This section will be about closure properties of regular languages i.e., understanding under which operations regular languages are closed. You can find the notes related to this section here.
What do we mean by closure properties of regular languages?
What do I actually mean by closure properties of regular languages? If I have a regular language \(L\) and apply some operation \(\texttt{op}\) to it, how can I prove that \(\texttt{op}(L)\) remains regular (if this is actually true)? What about for binary operations like the union and the concatenation? Do these language operations always preserve regularity or are there cases for which taking the union of two regular languages can create a non-regular language (it’s OK if you don’t know what a non-regular language looks like at this point). The “preservation of regularity” is what I mean by closure properties which I discuss in the following video. I also present the general motivation of closure properties and how to prove that regular languages are closed under certain operations.
Examples of closure property proofs
There are some “classic” closure property proofs that I am “obligated” to discuss here for completeness. I start by giving an in-depth proof for the union operation and slowly convert most of the proofs to sketches for simplicity.
Regular languages are closed under the union.
Regular languages are closed under language concatenation.
Regular languages are closed under the \(L^*\) operation.
Regular languages are closed under the complement.
Closure property proofs may at first seem more difficult than simply creating DFAs or NFAs to accept languages. That’s probably because they are! But they are also a lot more fun once you get the hang of general flow of the proof. See the exercises for additional practice.
Using closure properties to prove that languages are regular
If you recognize that a language \(L\) consists of sub-languages which are combined together via language operations (e.g. the union, intersection), then closure properties tell us that if each of these sub-languages are regular that \(L\) is also regular. Therefore, there may be situations where direct complicated proofs (constructing a DFA or an NFA) can be substituted with the use of closure properties. More in the next video.
Exercises
Exercise. Prove that if \(L\) is regular then \(L^R = \{w^R : w \in L\}\) is also regular.

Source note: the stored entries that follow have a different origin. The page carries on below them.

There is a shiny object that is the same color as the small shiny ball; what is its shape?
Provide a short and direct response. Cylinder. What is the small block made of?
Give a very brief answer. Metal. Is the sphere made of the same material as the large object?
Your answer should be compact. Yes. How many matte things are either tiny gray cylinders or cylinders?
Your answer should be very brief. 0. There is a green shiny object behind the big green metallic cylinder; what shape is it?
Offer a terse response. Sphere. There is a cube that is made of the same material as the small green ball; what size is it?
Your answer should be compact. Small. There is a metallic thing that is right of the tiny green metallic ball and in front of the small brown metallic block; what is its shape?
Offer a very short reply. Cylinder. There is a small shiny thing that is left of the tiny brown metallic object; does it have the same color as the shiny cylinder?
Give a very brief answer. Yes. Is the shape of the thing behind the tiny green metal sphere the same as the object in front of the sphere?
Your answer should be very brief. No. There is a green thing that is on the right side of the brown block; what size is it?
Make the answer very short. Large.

Exercise. Prove that if \(L\) is regular then \(\texttt{prefix}(L) = \{x \in \Sigma^* : \exists y \in \Sigma^*, xy \in L\}\) is also regular.
No solutions for this one yet. Hint: Take a DFA \(M\) with 5 or 6 states that accepts some language \(L\). Which states in \(M\) should be made accept states to accept \(\texttt{prefix}(L)\)?
Exercise. Let \(L_1, L_2\) be two regular languages over \(\Sigma=\{a, b\}\). Prove that \(\texttt{shuffle}(L_1, L_2)\) is regular where \(\texttt{shuffle}(L_1, L_2) = \{x_1y_1x_2y_2 \dots x_ky_k : x_1x_2\dots x_k \in L_1, y_1y_2\dots y_k \in L_2, x_i, y_i \in \Sigma\}\).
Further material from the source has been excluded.